Il secondo tempo inizia sempre con la squadra di casa in avanti, determinata a cercare la marcatura ma devono fare i conti con un gol spaventoso di Ross Barkley. Al culmine di un’azione che ha iniziato Lukaku, e perfezionato Cleverley, Barkley si inventa una palombella su cui il portiere del Bournemouth non può davvero nulla. I Cherries non ci stanno e cercano più volte lo spunto ma non trovano mai lo specchio della porta. Quando l’Everton rialza la testa, al 75’ trova un Lennon maestoso che taglia tutta l’area e mette Barkley in porta ma a tu per tu con il portiere, l’inglese la spara larghissima. Un minuto dopo, sugli sviluppi di un calcio d’angolo, Lukaku si avventa sul pallone e appone il suo sigillo, oltre a mettere in cassaforte un risultato ottenuto col “minimo sforzo”. Il risultato non è del tutto bugiardo ma non possiamo dire che l’Everton abbia mangiato i suoi avversari; tuttavia per una volta che la fortuna ci sorride, ce la prendiamo senza stare troppo a fare dei pelosi approfondimenti.

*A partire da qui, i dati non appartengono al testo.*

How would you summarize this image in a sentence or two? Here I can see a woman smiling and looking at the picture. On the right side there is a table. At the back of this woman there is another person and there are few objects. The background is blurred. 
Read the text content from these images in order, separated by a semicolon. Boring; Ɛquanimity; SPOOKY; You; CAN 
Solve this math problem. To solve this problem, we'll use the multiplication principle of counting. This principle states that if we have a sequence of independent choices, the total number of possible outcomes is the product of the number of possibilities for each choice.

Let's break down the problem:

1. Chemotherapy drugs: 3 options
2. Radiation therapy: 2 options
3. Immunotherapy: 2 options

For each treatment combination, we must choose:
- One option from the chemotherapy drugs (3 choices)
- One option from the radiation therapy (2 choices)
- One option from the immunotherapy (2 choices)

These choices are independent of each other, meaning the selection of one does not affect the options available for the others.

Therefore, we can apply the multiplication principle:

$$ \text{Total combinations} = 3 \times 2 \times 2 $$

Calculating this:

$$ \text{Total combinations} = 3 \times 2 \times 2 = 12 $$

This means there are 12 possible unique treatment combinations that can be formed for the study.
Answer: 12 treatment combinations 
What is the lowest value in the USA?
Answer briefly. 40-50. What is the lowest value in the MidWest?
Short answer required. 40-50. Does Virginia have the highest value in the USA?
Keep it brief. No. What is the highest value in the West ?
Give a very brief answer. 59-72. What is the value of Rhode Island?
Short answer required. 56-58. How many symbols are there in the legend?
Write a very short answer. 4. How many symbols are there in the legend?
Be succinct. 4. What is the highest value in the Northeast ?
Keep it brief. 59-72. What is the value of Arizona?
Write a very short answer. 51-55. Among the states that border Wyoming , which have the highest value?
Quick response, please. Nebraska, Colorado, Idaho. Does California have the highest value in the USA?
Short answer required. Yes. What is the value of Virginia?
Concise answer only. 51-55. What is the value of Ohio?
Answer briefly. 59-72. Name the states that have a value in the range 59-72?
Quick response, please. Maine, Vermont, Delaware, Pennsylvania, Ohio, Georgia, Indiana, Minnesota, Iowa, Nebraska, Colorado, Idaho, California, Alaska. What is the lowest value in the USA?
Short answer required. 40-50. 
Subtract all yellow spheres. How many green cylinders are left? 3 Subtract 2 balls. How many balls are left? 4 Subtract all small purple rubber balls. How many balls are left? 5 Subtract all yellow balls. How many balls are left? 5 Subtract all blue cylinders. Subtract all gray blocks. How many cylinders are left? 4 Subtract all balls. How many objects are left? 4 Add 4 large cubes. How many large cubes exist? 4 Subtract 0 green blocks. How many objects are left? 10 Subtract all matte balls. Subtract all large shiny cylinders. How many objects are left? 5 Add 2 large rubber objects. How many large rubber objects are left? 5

Per la quinta volta in cinque stagioni siamo ai quarti di finale di FA Cup e l’urna ha decretato che il prossimo match sarà a Goodison Park contro il Chelsea, squadra che travolgendo il Manchester City ha dimostrato di aver ritrovato una certa solidità con l’arrivo di Hiddink, contro la quale siamo chiamati ad un match in cui non possiamo affrontare gli avversari con leggerezza. E con poca leggerezza dobbiamo affrontare anche il prossimo match di campionato, che ci vedrà contrapposti ad un Aston Villa alla disperata ricerca di punti. Non dobbiamo sbagliare questa partita se vogliamo continuare a crescere. Possiamo ancora puntare a qualcosa, se restiamo concentrati. COYB!